166 U.S. 276
NELSON et al.
March 22, 1897. [166 U.S. 276, 277] On June 3, 1892, the defendant in error commenced suit in the district court of the Fourth judicial district of the territory of Utah for the county of Weber upon a promissory note, of which the following is a copy:
The original answer denied that plaintiff was the owner or holder of the note, and alleged generally that it was made without consideration, and that plaintiff wrongfully obtained possession thereof. Subsequently an amendment was filed which stated that the plaintiff had been since about June 19, 1889, the holder and owner of two promissory notes signed by the defendants Nelson and Frank J. Cannon, amounting to $6,700; that he offered to surrender those notes and waive all claim for interest if the makers of those notes would furnish him a new note signed by them and their co-defendant in this case, A. H. Cannon; that in reliance upon such agreement the note sued upon was signed, and the plaintiff obtained possession of it upon a promise to return the old notes, which he had failed to do. This amended answer was met by, in substance, a general denial. Upon a trial before the court and a jury a verdict and judgment were returned and entered in favor of the plaintiff for the full amount of the note and interest. This judgment was thereafter affirmed by the supreme court of the territory, to reverse which latter judgment of affirmance a writ of error was sued out from this court. [166 U.S. 276, 278] A. R. Heywood, for plaintiffs in error.
Pliny B. Smith, for defendant in error.
Mr. Justice BREWER, after stating the facts in the foregoing language, delivered the opinion of the court.
On the fact of the paper the right of the plaintiff to recover is clear. The record does not contain the entire testimony offered on the trial. It cannot, therefore, be said, even if this court were at liberty to examine the testimony, that it was not amply sufficient to sustain the verdict and judgment.
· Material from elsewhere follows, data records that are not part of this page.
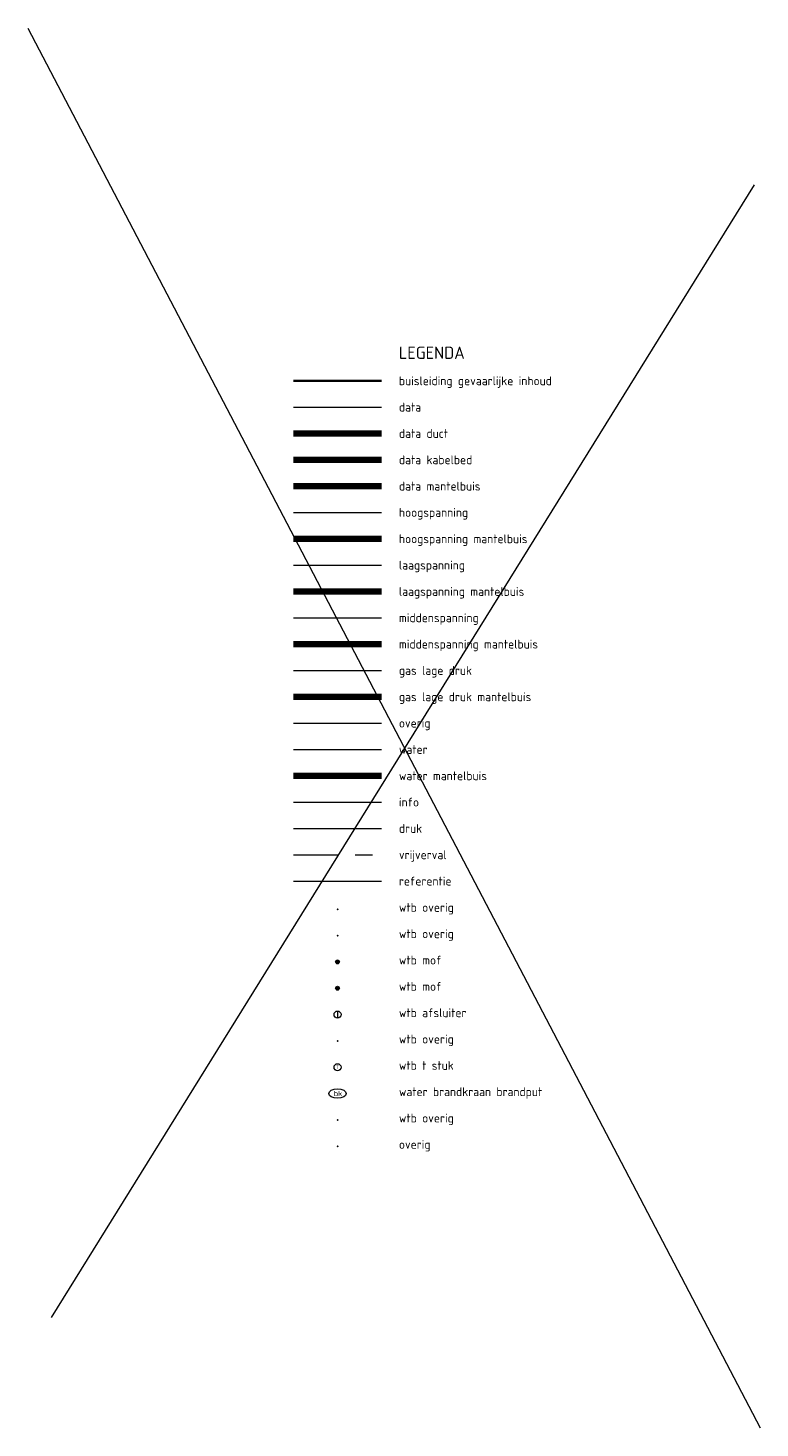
# Model space of a CAD drawing. Header units: metres. Extents: x 117304 to 117560, y 480657 to 480775.
# Tile 3 of 4: x 117403 to 117445, y 480695 to 480775. Entities that reach past the tile are written whole.
import ezdxf
from ezdxf.enums import TextEntityAlignment as Align
from ezdxf.lldxf.tags import DXFTag

# ---------------------------------------------------------------- set-up
doc = ezdxf.new("R2010")
doc.units = ezdxf.units.M
doc.header["$LTSCALE"] = 0.5
doc.linetypes.add('RI-OVERIG', pattern=[17, 5, -2, 2, -2, 0, -2, 2, -2])
for name, color, linetype, lineweight in [('B-WE-KL-BUISLEIDING GEVAARLIJKE INHOUD-G', 20, 'Continuous', 35), ('B-WE-KL-DATA-G', 90, 'KL-DATA-N', 18), ('B-WE-KL-DATA_DUCT-G', 90, 'Continuous', 100), ('B-WE-KL-DATA_HULPSTUK-S', 90, 'Continuous', 25), ('B-WE-KL-DATA_KABELBED-G', 90, 'Continuous', 100), ('B-WE-KL-DATA_MANTELBUIS-G', 90, 'Continuous', 100), ('B-WE-KL-ET_HS-G', 10, 'KL-HS-N', 18), ('B-WE-KL-ET_HS_MANTELBUIS-G', 10, 'Continuous', 100), ('B-WE-KL-ET_LS-G', 190, 'KL-LS-N', 18), ('B-WE-KL-ET_LS_HULPSTUK-S', 190, 'Continuous', 25), ('B-WE-KL-ET_LS_MANTELBUIS-G', 190, 'Continuous', 100), ('B-WE-KL-ET_MS-G', 130, 'KL-MS-N', 18), ('B-WE-KL-ET_MS_HULPSTUK-S', 130, 'Continuous', 25), ('B-WE-KL-ET_MS_MANTELBUIS-G', 130, 'Continuous', 100), ('B-WE-KL-GAS_LD-G', 50, 'KL-GAS-LD-N', 18), ('B-WE-KL-GAS_LD_HULPSTUK-S', 50, 'Continuous', 25), ('B-WE-KL-GAS_LD_MANTELBUIS-G', 50, 'Continuous', 100), ('B-WE-KL-OVERIG-G', 8, 'Continuous', 18), ('B-WE-KL-WATER-G', 170, 'KL-WATER-N', 18), ('B-WE-KL-WATER-S', 170, 'Continuous', 25), ('B-WE-KL-WATER_HULPSTUK-S', 170, 'Continuous', 25), ('B-WE-KL-WATER_MANTELBUIS-G', 170, 'Continuous', 100), ('B-WE-OG-INFO-G', 7, 'Continuous', 18), ('B-WE-RI-DRUK-G', 210, 'RI-PERS', 18), ('B-WE-RI-VRIJVERVAL-G', 210, 'RI-OVERIG', 18), ('B-WE-RI-VRIJVERVAL_HULPSTUK-S', 210, 'Continuous', 25), ('X-XX-AL-REFERENTIE-G', 7, 'Continuous', 18)]:
    doc.layers.add(name, color=color, linetype=linetype, lineweight=lineweight)
doc.layers.add('X-XX-AL-HULPLIJN-G', color=7, linetype='Continuous', lineweight=18, plot=False)
doc.layers.add('X-XX-AL-LEGENDA-T25', color=7, linetype='Continuous')
doc.layers.add('X-XX-AL-LEGENDA-T35', color=7, linetype='Continuous')
doc.styles.add('NLCS-ISO', font='NLCS-ISO.ttf')
doc.styles.add('NLCS-ISO-M200-T25', font='NLCS-ISO.ttf', dxfattribs={"height": 0.5})
doc.styles.add('NLCS-ISO-M200-T35', font='NLCS-ISO.ttf', dxfattribs={"height": 0.7})
tags = doc.linetypes.add('KL-DATA-N', pattern='A,4,-1,[101,NLCS.SHX,S=0.5,R=0,X=0,Y=0],-1,4,-1,["D",Standard,S=1,R=0,X=-0.25,Y=-0.5],-1.5', length=12.5).pattern_tags.tags
tags[18] = DXFTag(74, 10)
tags = doc.linetypes.add('KL-GAS-LD-N', pattern='A,4,-1,[69,NLCS.SHX,S=0.5,R=0,X=0,Y=0],-1,4,-1,["L",Standard,S=1,R=0,X=0.25,Y=-0.5],-2', length=13).pattern_tags.tags
tags[18] = DXFTag(74, 10)
tags = doc.linetypes.add('KL-HS-N', pattern='A,4,-1,[103,NLCS.SHX,S=0.75,R=0,X=0,Y=0],-1,4,-1,["H",Standard,S=1,R=0,X=0,Y=-0.5],-2', length=13).pattern_tags.tags
tags[18] = DXFTag(74, 10)
tags = doc.linetypes.add('KL-LS-N', pattern='A,4,-1,[103,NLCS.SHX,S=0.75,R=0,X=0,Y=0],-1,4,-1,["L",Standard,S=1,R=0,X=0,Y=-0.5],-2', length=13).pattern_tags.tags
tags[18] = DXFTag(74, 10)
tags = doc.linetypes.add('KL-MS-N', pattern='A,4,-1,[103,NLCS.SHX,S=0.75,R=0,X=0,Y=0],-1,4,-1,["M",Standard,S=1,R=0,X=0,Y=-0.5],-2', length=13).pattern_tags.tags
tags[18] = DXFTag(74, 10)
doc.linetypes.add('KL-WATER-N', pattern='A,7,-0.5,[168,NLCS.SHX,S=0.75,R=0,X=0.75,Y=0],-2', length=9.5)
tags = doc.linetypes.add('RI-PERS', pattern='A,7,-2,["P",Standard,S=1.8,R=0,X=-0.5,Y=-0.9],-2,7,-2,[102,NLCS.SHX,S=1,R=180,X=0,Y=0],-2', length=22).pattern_tags.tags
tags[6] = DXFTag(74, 10)

# ---------------------------------------------------------------- blocks, each defined once
blk = doc.blocks.new('SKL-WTB_HULP_OVERIG-SO')
at = {"color": 0, "linetype": 'ByBlock', "lineweight": 18}
for points in [[(-0.14, 0.14), (0.14, -0.14)], [(0.14, 0.14), (-0.14, -0.14)]]:
    blk.add_lwpolyline(points, dxfattribs=at)
at = {"color": 0, "linetype": 'ByBlock', "lineweight": 18, "style": 'NLCS-ISO', "flags": 1}
for tag, p in [('TYPE', (1.5, 0)), ('OMSCHRIJVING', (1.5, -3)), ('LABEL', (1.5, -1.5))]:
    blk.add_attdef(tag, p, '', height=1, dxfattribs=at)
blk = doc.blocks.new('SKL-WTB_HULP_MOF-SO')
at = {"linetype": 'ByBlock', "lineweight": 18}
h = blk.add_hatch(color=0, dxfattribs=at)
h.dxf.hatch_style = 1
h.paths.add_polyline_path([(-0.5625, 0, 1), (0.5625, 0, 1)])
at = {"color": 0, "linetype": 'ByBlock', "lineweight": 18}
blk.add_circle((0, 0), 0.5625, dxfattribs=at)
at = {"color": 0, "linetype": 'ByBlock', "lineweight": 18, "style": 'NLCS-ISO', "flags": 1}
for tag, p in [('TYPE', (1.5, 0)), ('OMSCHRIJVING', (1.5, -3)), ('LABEL', (1.5, -1.5))]:
    blk.add_attdef(tag, p, '', height=1, dxfattribs=at)
blk = doc.blocks.new('SKL-WTB_HULP_AFSLUITER-SO')
at = {"color": 0, "linetype": 'ByBlock', "lineweight": 18}
blk.add_lwpolyline([(0, 0.8), (0, -0.8)], dxfattribs=at)
blk.add_circle((0, 0), 1, dxfattribs=at)
at = {"color": 0, "linetype": 'ByBlock', "lineweight": 18, "style": 'NLCS-ISO', "flags": 1}
for tag, p in [('TYPE', (1.5, 0)), ('OMSCHRIJVING', (1.5, -3)), ('LABEL', (1.5, -1.5))]:
    blk.add_attdef(tag, p, '', height=1, dxfattribs=at)
blk = doc.blocks.new('SKL-WTB_HULP_T STUK-SO')
at = {"color": 0, "linetype": 'ByBlock', "lineweight": 18}
blk.add_circle((0, 0), 1, dxfattribs=at)
at = {"color": 0, "linetype": 'ByBlock', "lineweight": -2, "style": 'NLCS-ISO'}
blk.add_text('T', height=1, dxfattribs=at).set_placement((0, 0), align=Align.MIDDLE_CENTER)
at = {"color": 0, "linetype": 'ByBlock', "lineweight": 18, "style": 'NLCS-ISO', "flags": 1}
for tag, p in [('TYPE', (1.5, 0)), ('OMSCHRIJVING', (1.5, -3)), ('LABEL', (1.5, -1.5))]:
    blk.add_attdef(tag, p, '', height=1, dxfattribs=at)
blk = doc.blocks.new('SKL-WATER_BRANDKRAAN_BRANDPUT-SO')
at = {"color": 0, "linetype": 'ByBlock', "lineweight": 18}
blk.add_ellipse((0, 0), major_axis=(2.5, 0), ratio=0.54, dxfattribs=at)
at = {"color": 0, "linetype": 'ByBlock', "lineweight": 18, "style": 'NLCS-ISO'}
blk.add_text('bk', height=1.5, dxfattribs=at).set_placement((0.16, 0), align=Align.MIDDLE_CENTER)
blk = doc.blocks.new('SRI-HULP_OVERIG-SO')
at = {"color": 0, "linetype": 'ByBlock', "lineweight": 18}
for points in [[(-0.14, 0.14), (0.14, -0.14)], [(0.14, 0.14), (-0.14, -0.14)]]:
    blk.add_lwpolyline(points, dxfattribs=at)
at = {"color": 0, "linetype": 'ByBlock', "lineweight": 18, "style": 'NLCS-ISO', "flags": 1}
for tag, p in [('TYPE', (1.5, 0)), ('OMSCHRIJVING', (1.5, -3)), ('LABEL', (1.5, -1.5))]:
    blk.add_attdef(tag, p, '', height=1, dxfattribs=at)

msp = doc.modelspace()

# ---------------------------------------------------------------- linework, layer by layer
at = {"layer": 'B-WE-KL-BUISLEIDING GEVAARLIJKE INHOUD-G', "flags": 128}
msp.add_lwpolyline([(117418.003, 480754.535), (117423.003, 480754.535)], dxfattribs=at)
at = {"layer": 'B-WE-KL-DATA-G', "flags": 128}
msp.add_lwpolyline([(117418.003, 480753.035), (117423.003, 480753.035)], dxfattribs=at)
at = {"layer": 'B-WE-KL-DATA_DUCT-G', "flags": 128}
msp.add_lwpolyline([(117418.003, 480751.535), (117423.003, 480751.535)], dxfattribs=at)
at = {"layer": 'B-WE-KL-DATA_KABELBED-G', "flags": 128}
msp.add_lwpolyline([(117418.003, 480750.035), (117423.003, 480750.035)], dxfattribs=at)
at = {"layer": 'B-WE-KL-DATA_MANTELBUIS-G', "flags": 128}
msp.add_lwpolyline([(117418.003, 480748.535), (117423.003, 480748.535)], dxfattribs=at)
at = {"layer": 'B-WE-KL-ET_HS-G', "flags": 128}
msp.add_lwpolyline([(117418.003, 480747.035), (117423.003, 480747.035)], dxfattribs=at)
at = {"layer": 'B-WE-KL-ET_HS_MANTELBUIS-G', "flags": 128}
msp.add_lwpolyline([(117418.003, 480745.535), (117423.003, 480745.535)], dxfattribs=at)
at = {"layer": 'B-WE-KL-ET_LS-G', "flags": 128}
msp.add_lwpolyline([(117418.003, 480744.035), (117423.003, 480744.035)], dxfattribs=at)
at = {"layer": 'B-WE-KL-ET_LS_MANTELBUIS-G', "flags": 128}
msp.add_lwpolyline([(117418.003, 480742.535), (117423.003, 480742.535)], dxfattribs=at)
at = {"layer": 'B-WE-KL-ET_MS-G', "flags": 128}
msp.add_lwpolyline([(117418.003, 480741.035), (117423.003, 480741.035)], dxfattribs=at)
at = {"layer": 'B-WE-KL-ET_MS_MANTELBUIS-G', "flags": 128}
msp.add_lwpolyline([(117418.003, 480739.535), (117423.003, 480739.535)], dxfattribs=at)
at = {"layer": 'B-WE-KL-GAS_LD-G', "flags": 128}
msp.add_lwpolyline([(117418.003, 480738.035), (117423.003, 480738.035)], dxfattribs=at)
at = {"layer": 'B-WE-KL-GAS_LD_MANTELBUIS-G', "flags": 128}
msp.add_lwpolyline([(117418.003, 480736.535), (117423.003, 480736.535)], dxfattribs=at)
at = {"layer": 'B-WE-KL-OVERIG-G', "flags": 128}
msp.add_lwpolyline([(117418.003, 480735.035), (117423.003, 480735.035)], dxfattribs=at)
at = {"layer": 'B-WE-KL-WATER-G', "flags": 128}
msp.add_lwpolyline([(117418.003, 480733.535), (117423.003, 480733.535)], dxfattribs=at)
at = {"layer": 'B-WE-KL-WATER_MANTELBUIS-G', "flags": 128}
msp.add_lwpolyline([(117418.003, 480732.035), (117423.003, 480732.035)], dxfattribs=at)
at = {"layer": 'B-WE-OG-INFO-G', "flags": 128}
msp.add_lwpolyline([(117418.003, 480730.535), (117423.003, 480730.535)], dxfattribs=at)
at = {"layer": 'B-WE-RI-DRUK-G', "flags": 128}
msp.add_lwpolyline([(117418.003, 480729.035), (117423.003, 480729.035)], dxfattribs=at)
at = {"layer": 'B-WE-RI-VRIJVERVAL-G', "flags": 128}
msp.add_lwpolyline([(117418.003, 480727.535), (117423.003, 480727.535)], dxfattribs=at)
at = {"layer": 'X-XX-AL-HULPLIJN-G', "flags": 128}
for points in [[(117402.858, 480774.634), (117444.588, 480694.882)], [(117444.257, 480765.7), (117404.183, 480701.169)]]:
    msp.add_lwpolyline(points, dxfattribs=at)
at = {"layer": 'X-XX-AL-REFERENTIE-G', "flags": 128}
msp.add_lwpolyline([(117418.003, 480726.035), (117423.003, 480726.035)], dxfattribs=at)

# ---------------------------------------------------------------- block references
at = {"layer": 'B-WE-KL-DATA_HULPSTUK-S', "xscale": 0.2, "yscale": 0.2, "zscale": 0.2}
msp.add_blockref('SKL-WTB_HULP_OVERIG-SO', (117420.503, 480724.435), dxfattribs=at)
at = {"layer": 'B-WE-KL-ET_LS_HULPSTUK-S', "xscale": 0.2, "yscale": 0.2, "zscale": 0.2}
for name, p in [('SKL-WTB_HULP_OVERIG-SO', (117420.503, 480722.935)), ('SKL-WTB_HULP_MOF-SO', (117420.503, 480721.435))]:
    msp.add_blockref(name, p, dxfattribs=at)
at = {"layer": 'B-WE-KL-ET_MS_HULPSTUK-S', "xscale": 0.2, "yscale": 0.2, "zscale": 0.2}
msp.add_blockref('SKL-WTB_HULP_MOF-SO', (117420.503, 480719.935), dxfattribs=at)
at = {"layer": 'B-WE-KL-GAS_LD_HULPSTUK-S', "xscale": 0.2, "yscale": 0.2, "zscale": 0.2}
for name, p in [('SKL-WTB_HULP_AFSLUITER-SO', (117420.503, 480718.435)), ('SKL-WTB_HULP_OVERIG-SO', (117420.503, 480716.935)), ('SKL-WTB_HULP_T STUK-SO', (117420.503, 480715.435))]:
    msp.add_blockref(name, p, dxfattribs=at)
at = {"layer": 'B-WE-KL-WATER-S', "xscale": 0.2, "yscale": 0.2, "zscale": 0.2}
msp.add_blockref('SKL-WATER_BRANDKRAAN_BRANDPUT-SO', (117420.503, 480713.935), dxfattribs=at)
at = {"layer": 'B-WE-KL-WATER_HULPSTUK-S', "xscale": 0.2, "yscale": 0.2, "zscale": 0.2}
msp.add_blockref('SKL-WTB_HULP_OVERIG-SO', (117420.503, 480712.435), dxfattribs=at)
at = {"layer": 'B-WE-RI-VRIJVERVAL_HULPSTUK-S', "xscale": 0.2, "yscale": 0.2, "zscale": 0.2}
msp.add_blockref('SRI-HULP_OVERIG-SO', (117420.503, 480710.935), dxfattribs=at)

# ---------------------------------------------------------------- texts
at = {"layer": 'X-XX-AL-LEGENDA-T25', "style": 'NLCS-ISO-M200-T25'}
for s, p in [('buisleiding gevaarlijke inhoud', (117424.003, 480754.285)), ('data', (117424.003, 480752.785)), ('data duct', (117424.003, 480751.285)), ('data kabelbed', (117424.003, 480749.785)), ('data mantelbuis', (117424.003, 480748.285)), ('hoogspanning', (117424.003, 480746.785)), ('hoogspanning mantelbuis', (117424.003, 480745.285)), ('laagspanning', (117424.003, 480743.785)), ('laagspanning mantelbuis', (117424.003, 480742.285)), ('middenspanning', (117424.003, 480740.785)), ('middenspanning mantelbuis', (117424.003, 480739.285)), ('gas lage druk', (117424.003, 480737.785)), ('gas lage druk mantelbuis', (117424.003, 480736.285)), ('overig', (117424.003, 480734.785)), ('water', (117424.003, 480733.285)), ('water mantelbuis', (117424.003, 480731.785)), ('info', (117424.003, 480730.285)), ('druk', (117424.003, 480728.785)), ('vrijverval', (117424.003, 480727.285)), ('referentie', (117424.003, 480725.785)), ('wtb overig', (117424.003, 480724.285)), ('wtb overig', (117424.003, 480722.785)), ('wtb mof', (117424.003, 480721.285)), ('wtb mof', (117424.003, 480719.785)), ('wtb afsluiter', (117424.003, 480718.285)), ('wtb overig', (117424.003, 480716.785)), ('wtb t stuk', (117424.003, 480715.285)), ('water brandkraan brandput', (117424.003, 480713.785)), ('wtb overig', (117424.003, 480712.285)), ('overig', (117424.003, 480710.785))]:
    msp.add_text(s, height=0.5, dxfattribs=at).set_placement(p)
at = {"layer": 'X-XX-AL-LEGENDA-T35', "style": 'NLCS-ISO-M200-T35'}
msp.add_text('LEGENDA', height=0.7, dxfattribs=at).set_placement((117424.003, 480755.785))

doc.saveas('drawing.dxf')

It is alleged that the trial court erred in ruling out evidence of a conversation between Frank J. Cannon and A. H. Cannon in the absence of the plaintiff,-a conversation which it was claimed induced A. H. Cannon to sign the note. The mere statement of the proposition carries its own answer. Conversations between two makers of a note in the absence of the payee are clearly not binding upon the latter. No representations, true or false, made by one maker of a note to another, no secret understanding between such markers, no inducements offered by one to the other, affect the validity of the instrument in the hands of the payee, unless he knew, or was chargeable with notice of, such facts. The vital question is not what passed between the makers by themselves, but what passed between the payee and any one of the makers.
It is also alleged that there was error in refusing to permit evidence as to certain collateral security, which it is claimed should have been exhausted before an action could be maintained on the note. It is a sufficient reply to this contention that there is no suggestion in the answer of any collateral [166 U.S. 276, 279] security, and the court properly refused to consider any defenses not so presented.
A final matter is this: Frank J. Cannon testified that when he handed this note to plaintiff the latter promised to return the two original notes of $3,200 and $3,500, respectively, amounting in the aggregate to $6, 700, which he then held; that he failed to do so, or to cancel such prior notes. The bill of exceptions states that the defendants asked the following instruction:
Upon which the court made this minute:
The instructions which were given are not copied in the record, nor is there anything in the bill of exceptions showing how long after the court had finished its charge to the jury this instruction was asked. It is true that there appears in the transcript, as printed, this affidavit of counsel:
But no such affidavit can be considered by this court. A party cannot, by merely filing with the clerk an affidavit, not incorporated in any bill of exceptions, bring into the record evidence of what took place or the trial. So that upon the record, as properly prepared, we can only consider the question whether error can be adjudged in a refusal by the trial court to give an instruction presented at any time after it has finished its charge, and when it does not appear that the same matter has not already been fully and satisfactorily explained to the jury. Obviously but one answer can be given to this question. It cannot be that after the court has finished its charge, after perhaps the jury have retired to consider of their verdict, and at any time before such verdict is returned, [166 U.S. 276, 280] a party can hand up an instruction to the court, and demand, as of right, that it shall be given to the jury; and then, if the cort fails to recall the jury and give such instruction, and it embodies a proposition apparently correct, the judgment must be set aside, without any showing as to what the charge of the court really was, or that it did not cover the matter contained in this instruction asked at such late time. It is unnecessary to consider whether the proposition of law, as stated therein, was correct or not. It is enough to hold that, so far as this record discloses the time and manner in which this instruction was presented, it does not affirmatively appear that it was presented under such circumstances as to demand consideration on the part of the court.
These are all the questions presented. We see no error in the record, and must affirm the judgment.
The defendant in error (plaintiff below) asks this court to add 10 per cent. damages, on the ground of the frivolousness of the errors alleged, and because the suing out of the writ of error was for delay. Under clause 2 of rule 23 of this court (3 Sup. Ct. xiii.), we think this application should be granted. The judgment is affirmed, with costs and 10 per cent. damages.